> [EXERCISE REQUIREMENTS]
Please copy each line of the data that includes the string "plus".

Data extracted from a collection

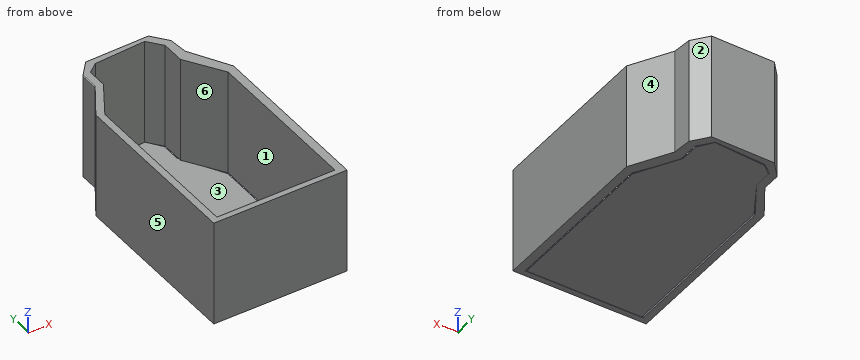
from build123d import *

# Parameters (mm, degrees)
F1_DEPTH = 53.34
F3_DEPTH = 0.254
F4_R     = 0.427399


with BuildPart() as f1:
    # F0 (on Top) → F1 (new body)
    with BuildSketch(Plane.XY):
        Polygon((-29.670693, 53.525094), (-40.17527, 37.058461), (-40.17527, -53.224109), (27.1108, -53.224109), (27.1108, 33.651568), (15.754499, 53.525094), (14.902776, 62.894039), (8.656814, 70.843451), (-23.42473, 70.275635), (-29.670693, 62.894039), align=None)
        Polygon((-25.695989, 63.177943), (-20.585654, 67.152657), (5.249925, 68.572186), (10.928073, 61.474502), (10.928073, 49.834296), (22.85219, 31.380311), (22.85219, -50.385039), (-36.768381, -50.385039), (-36.768381, 35.355017), (-25.695989, 53.241186), align=None, mode=Mode.SUBTRACT)
    extrude(amount=F1_DEPTH)

    # F2 (on Top) → F3 (join)
    with BuildSketch(Plane.XY):
        Polygon((-18.457072, 66.836618), (-20.728331, 66.836618), (-25.554758, 62.578008), (-25.554758, 53.492971), (-35.775427, 35.890706), (-35.775427, -49.84935), (22.425605, -49.84935), (22.425605, 31.064278), (10.501488, 51.789522), (10.501488, 61.442375), (5.391155, 68.540059), align=None)
    extrude(amount=-F3_DEPTH)

    # F4
    f4_edges = [f1.edges().sort_by_distance(p)[0] for p in [
        (-36.768381, 35.355017, 26.67),
        (-29.670693, 58.209566, 53.34),
        (15.754499, 53.525094, 26.67),
    ]]
    fillet(f4_edges, radius=F4_R)


solid = f1.part
Read the model definition and answer for the solid it produces. Units are mm, in the model's axes. Face numbers are marked on the shaded views. A direction names the side the tool comes from. Give positions to 0.01 mm unless a question says otherwise; leave off trailing zeros. Loops run counter-clockwise (first coordinate to the right, second up) from the corner with the lowest first, then second, coordinate; pieces in that order, holes last. Notation, with made-up numbers: (57, 14) -> (113, 14) arc R22 cw to (113, 52) -> close; hole circle Ø11 at (-17.5, -39.5). An arc over 180 degrees is marked (long way). Answer as CSV lines item,"result".
Item 1: Determine the mould class of the marked faces 4, 5 and 6 for opening direction X: +X half, -X half, draft (parallel to the pull), parting line (faces both ways), or undercut.
Returned:
face 4,"+X half"
face 5,"-X half"
face 6,"undercut"
Item 2: Each of these flat-tipped pins is pushed along its axis until it touches: pin 1 (2 mm diameter, centred on x = 4.5, y = 57.5, fed in from +Z); pin 2 (1.5 mm diameter, centred on y = 55.5, z = 6.5, fed in from +X); pin 3 (10 mm diameter, centred on x = 1, z = 5.5, fed in from +Y). Where does it stop, or does it pass through?
Returned:
pin 1,"stops at z = 0"
pin 2,"stops at x = 15.64"
pin 3,"stops at y = 70.8"
Item 3: Find section D-D on y = 48.5. Give the vertices of the cut face in (x, z), plus the area to 3 significant figures.
Returned:
outline,"(-32.88, 0) -> (-28.63, 0) -> (-28.63, 53.34) -> (-32.88, 53.34) -> close; (-28.45, -0.25) -> (12.39, -0.25) -> (12.39, 0) -> (18.63, 0) -> (18.63, 53.34) -> (11.79, 53.34) -> (11.79, 0) -> (-28.45, 0) -> close"
area,"601 mm²"
Item 4: Consider line 1 (X direction, y = -12, z = 26); line 2 (Z direction, x = 13.5, y = 32.5); line 3 (X direction, y = 58.5, z = 13). Determine where each line is inside the solid, lowest interval first. Write a range as [from, to].
Returned:
line 1,"x = [-40.18, -36.77], [22.85, 27.11]"
line 2,"z = [-0.25, 0]"
line 3,"x = [-29.67, -25.7], [10.93, 15.3]"
Item 5: For the marked faces 1, 2 and 3, determine the directions among +Z, -Z, +X, -X, +Y, -Y from which every point of the face is accessible in a straight line to the end or side of a thin tool.
Returned:
face 1,"+Z, -Z"
face 2,"+Z, -Z, +X, +Y"
face 3,"+Z"
Item 6: Find section B-B on x = -11. Give the vertices of the cut face in (y, z), plus the area to 3 significant figures.
Returned:
outline,"(-53.22, 0) -> (-50.39, 0) -> (-50.39, 53.34) -> (-53.22, 53.34) -> close; (-49.85, -0.25) -> (67.37, -0.25) -> (67.37, 0) -> (-49.85, 0) -> close; (67.68, 0) -> (70.5, 0) -> (70.5, 53.34) -> (67.68, 53.34) -> close"
area,"331 mm²"
Item 7: Find section A-A on y = 29.5. Give the vertices of the cut face in (x, z).
Returned:
outline,"(-40.18, 0) -> (-36.77, 0) -> (-36.77, 53.34) -> (-40.18, 53.34) -> close; (-35.78, -0.25) -> (22.43, -0.25) -> (22.43, 0) -> (-35.78, 0) -> close; (22.85, 0) -> (27.11, 0) -> (27.11, 53.34) -> (22.85, 53.34) -> close"
Item 8: Find section C-C on z = 38.5. Give the vertices of the cut face in (x, y), plus the area to 3 significant figures.
Returned:
outline,"(-40.18, -53.22) -> (27.11, -53.22) -> (27.11, 33.65) -> (15.8, 53.44) arc R0.43 cw to (15.75, 53.62) -> (14.9, 62.89) -> (8.66, 70.84) -> (-23.42, 70.28) -> (-29.67, 62.89) -> (-29.67, 53.53) -> (-40.18, 37.06) -> close; hole (-36.77, -50.39) -> (22.85, -50.39) -> (22.85, 31.38) -> (10.93, 49.83) -> (10.93, 61.47) -> (5.25, 68.57) -> (-20.59, 67.15) -> (-25.7, 63.18) -> (-25.7, 53.24) -> (-36.7, 35.46) arc R0.43 ccw to (-36.77, 35.23) -> close"
area,"1,260 mm²"

> [EXERCISE RESPONSE]
Item 3: Find section D-D on y = 48.5. Give the vertices of the cut face in (x, z), plus the area to 3 significant figures.
Item 6: Find section B-B on x = -11. Give the vertices of the cut face in (y, z), plus the area to 3 significant figures.
Item 8: Find section C-C on z = 38.5. Give the vertices of the cut face in (x, y), plus the area to 3 significant figures.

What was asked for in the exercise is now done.